Already, she could see her sword had blood on top of caked on dried blood, gore spattered her hair and her horses's hair, and she could see the fear in each demon soldier's eyes as they met hers in the moment before death.
Yet still, despite everything, wave upon wave of demon charged up to the knights riding rampant, and like the ocean striking a stony cliff, they broke upon the hard steel that rose to meet them.
Matilda loved every moment of it.
This is how I should have spent my whole life.
She barely kept the volume down on a chuckle as her horse trampled an enemy underfoot. It was fine, the men around her were probably all enjoying themselves as much as she was, but then, there was the tiny possibility that they had heard the rumor that the deposed Duchess was just slightly mad. She didn't want to do anything, make any sound, that undermined her ability to lead this force effectively.
If Matilda had her way, this would go on forever.
And it seemed to be.
They had been trying to ride around the walls and cut a path to the next gate, to stop the battering underway over there. Unfortunately—or fortunately, from the perspective of Matilda's sheer hedonistic enjoyment—the tide of armed men kept forcing the knights to pause or even pushing them back. The sheer quantity of men and materiel the enemy were sending their way had almost fully nullified one of the primary advantages of cavalry: speed.

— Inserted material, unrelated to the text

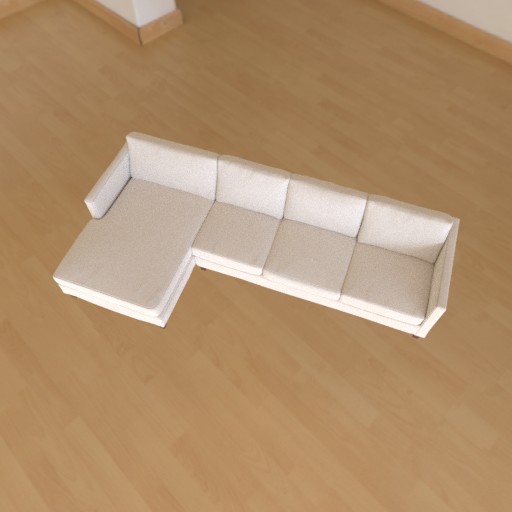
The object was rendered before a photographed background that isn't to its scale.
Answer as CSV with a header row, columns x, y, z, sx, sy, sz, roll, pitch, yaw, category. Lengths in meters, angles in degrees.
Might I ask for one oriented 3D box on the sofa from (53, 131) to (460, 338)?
x,y,z,sx,sy,sz,roll,pitch,yaw,category
0.000,0.000,3.917,3.186,0.846,1.625,17,60,10,sofa

Matilda slightly regretted that she had not demanded more support from behind the walls.
She had been so eager to join in the fighting, in any fighting, that she had perhaps not fully thought this through. Though the occasional arrow, crossbow bolt, or slingstone made its way from above, the support was sporadic and not particularly helpful.
A knight fell, and Matilda swallowed. What was the strange tension she felt at a well-trained nobleman's body collapsing, tumbling from his horses's back, and getting torn apart by the ravenous demons all around them?
It had been so long since she'd been on a battlefield, she wasn't sure if seeing her allies die filled her with fear or excitement.
Either way, best to try and enjoy it.
She chopped through another enemy soldier and, against her will, she found her eyes drawn up the battlefield, to where the line of enemy tents stood in quiet defiance of any Claustrian counter offensive.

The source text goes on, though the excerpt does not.